Now I am just left wondering what happened :slight_smile:

That one was new to me too, but there were a lengthy example and as far as I could understand, then the issue was that multiple sources interfaces on a host can lead to the sameinterfaces on a destination host, but with different routes for each source interface.

Do you have a link to that discussion? As DNS by itself is not interface-specific, and there is no interface-scoping for the responses, I would like to understand what this is about. It is true that you can make decisions on where to send the queries, but that is done based on the name that is being queried, not the IP address of the resolved record. And once the response arrives, the routing decisions of the packets themselves are independent of where the DNS response came from. DNS and routing work on different levels.

I found it in a couple of places.
I tried to love ok through my browser history and I found it first here in section 6.3.1.
https://www.rfc-editor.org/rfc/rfc6147

I later found it in regards with normal DNS too, but I looked at so many DNS and IPv6 RFCs that it is a huge task to go through them all.

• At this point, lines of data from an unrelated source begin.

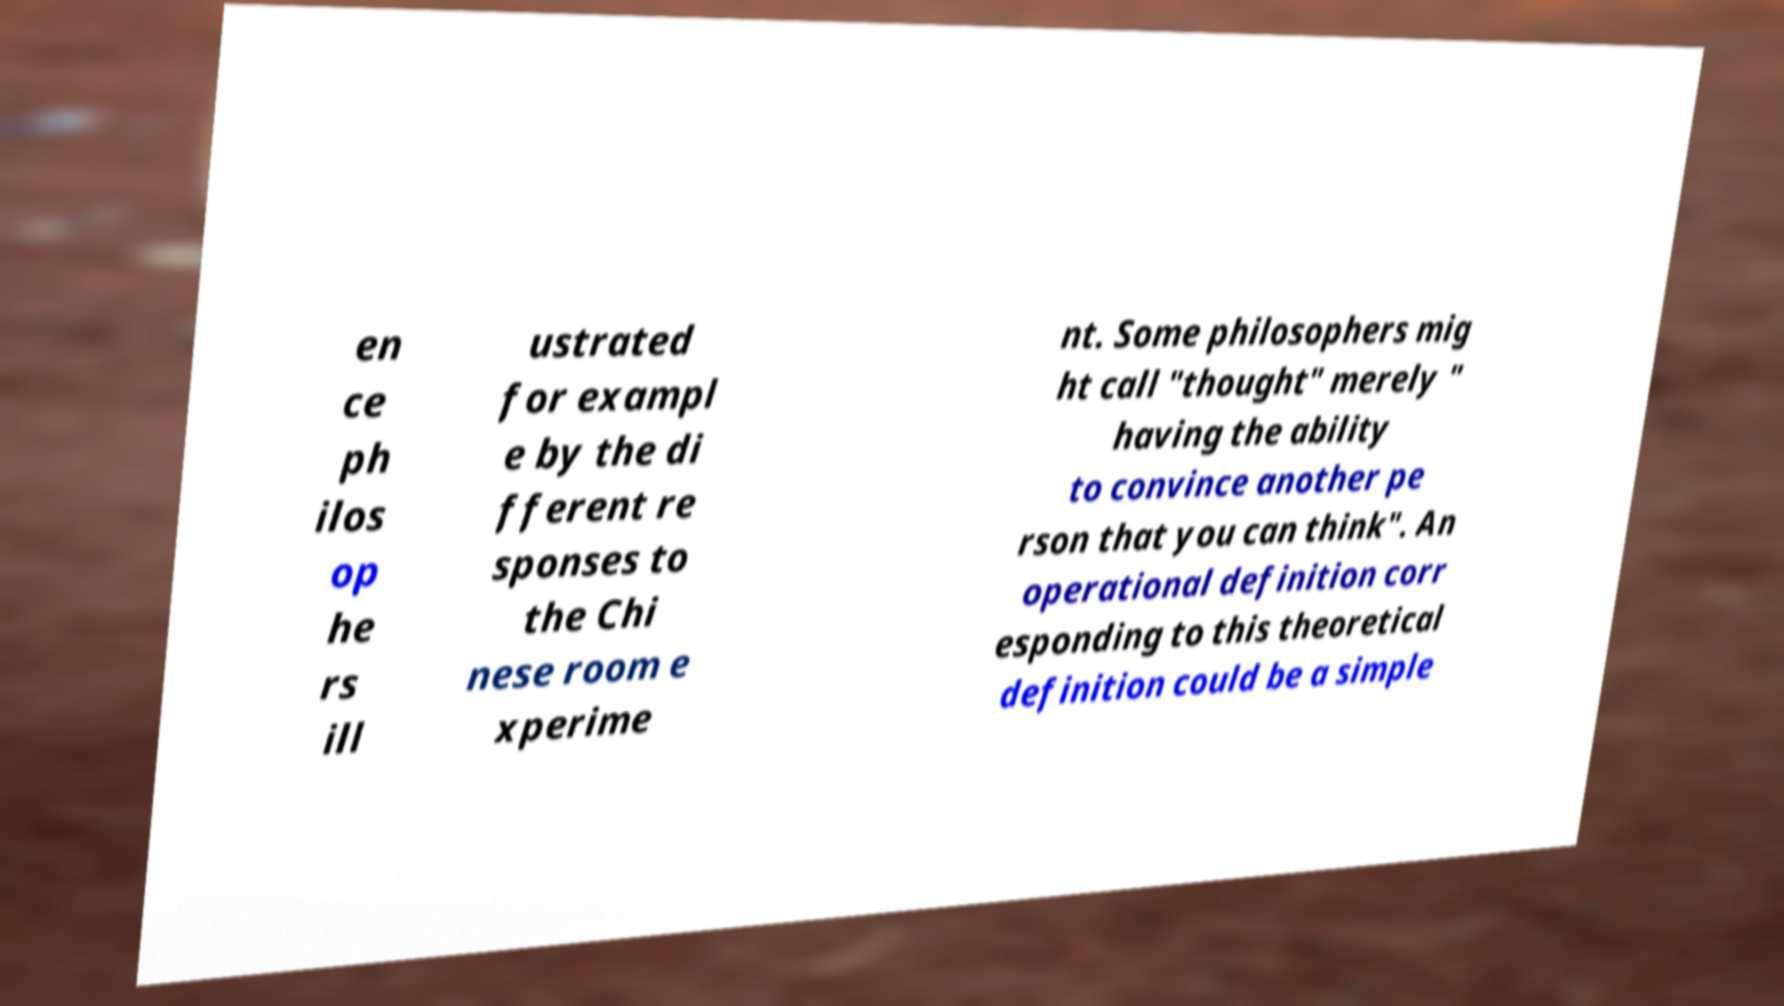Can you read and provide the text displayed in the image?This photo seems to have some interesting text. Can you extract and type it out for me? en ce ph ilos op he rs ill ustrated for exampl e by the di fferent re sponses to the Chi nese room e xperime nt. Some philosophers mig ht call "thought" merely " having the ability to convince another pe rson that you can think". An operational definition corr esponding to this theoretical definition could be a simple 
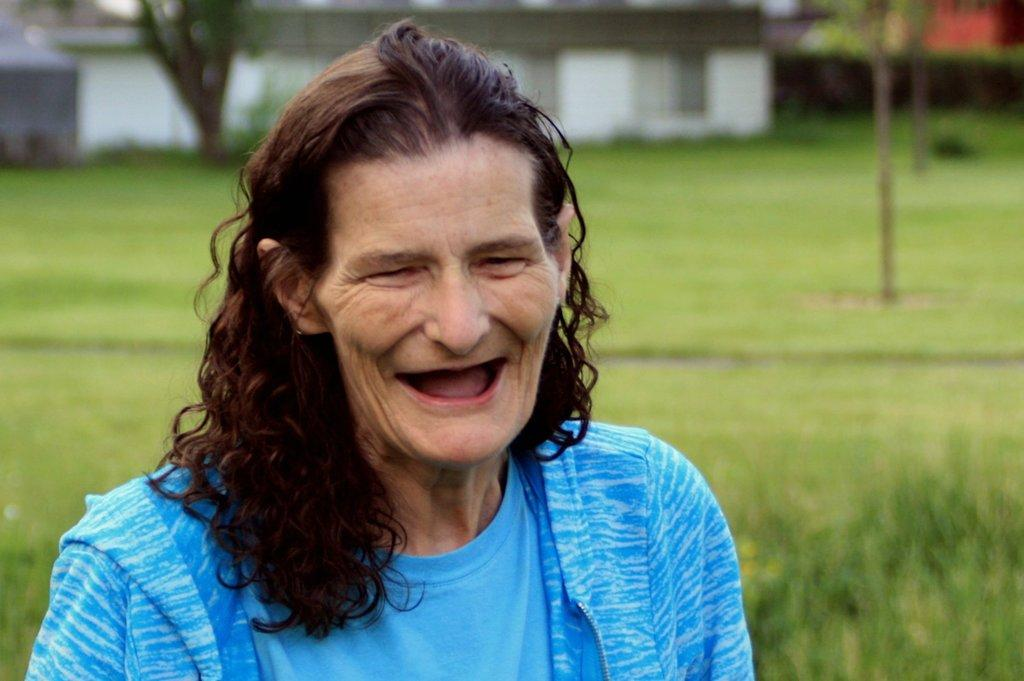Who is present in the image? There is a woman in the image. What is the woman's expression? The woman is smiling. What type of terrain is visible in the image? There is grass on the ground. What can be seen in the background of the image? There is a building and trees in the background of the image. What type of cabbage is being harvested in the image? There is no cabbage present in the image. Can you tell me when the woman's baby was born based on the image? The image does not provide any information about the woman's baby or its birth. What kind of pie is being served on the table in the image? There is no table or pie present in the image. 
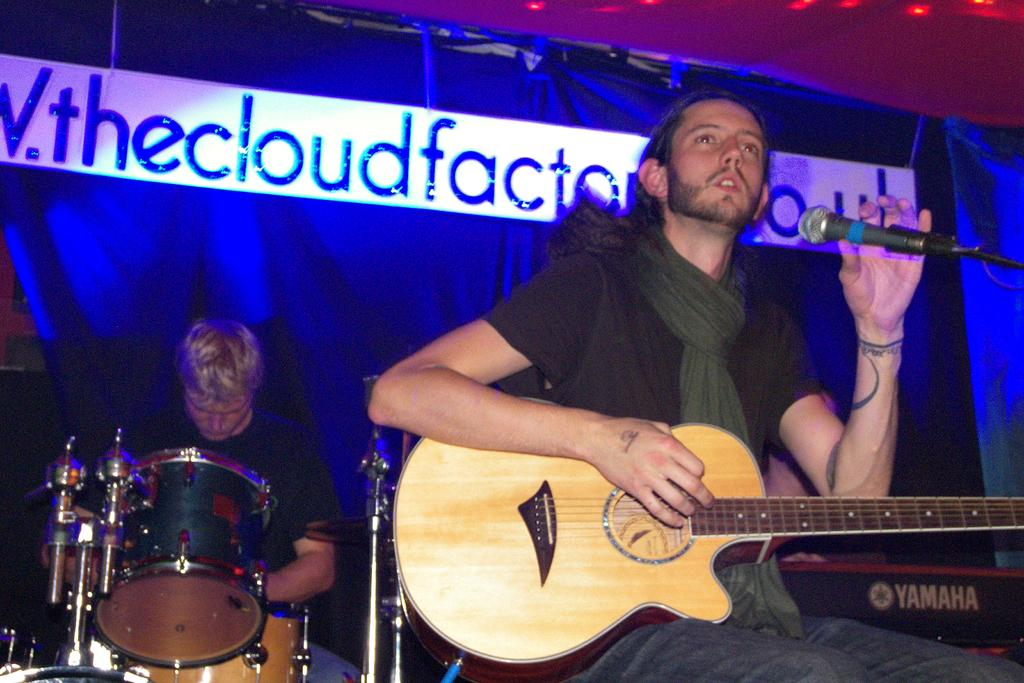What is the main subject of the image? There is a man in the image. What is the man holding in his left hand? The man is holding a microphone in his left hand. What is the man holding in his right hand? The man is holding a guitar in his right hand. Where is the kitten playing on the railway in the image? There is no kitten or railway present in the image; it features a man holding a microphone and a guitar. What rule is being enforced by the man in the image? There is no indication of any rule enforcement in the image; the man is simply holding a microphone and a guitar.

Ok, thanks. I believe you might be referring mostly to either NAT64 prefix ambiguity or split horizon DNS. The RFC6147 issue is not precisely an interface issue, but rather a network/routing issue: if you get responses with a specific NAT64 gateway prefix, you better make sure you have a route towards that gateway.

But anyway, I believe those issues are not relevant to the discussion here, which is how HAOS deals with entries that have CNAME that points to an entry that has no AAAA.

Maybe not, but the fact is still that it is a systemd (just realized that my first post had systems written instead of systemd. Damn autocorrect!) issue and should probably be address by the maintainers there.
Systemd is not a HAOS thing, but a Linux thing.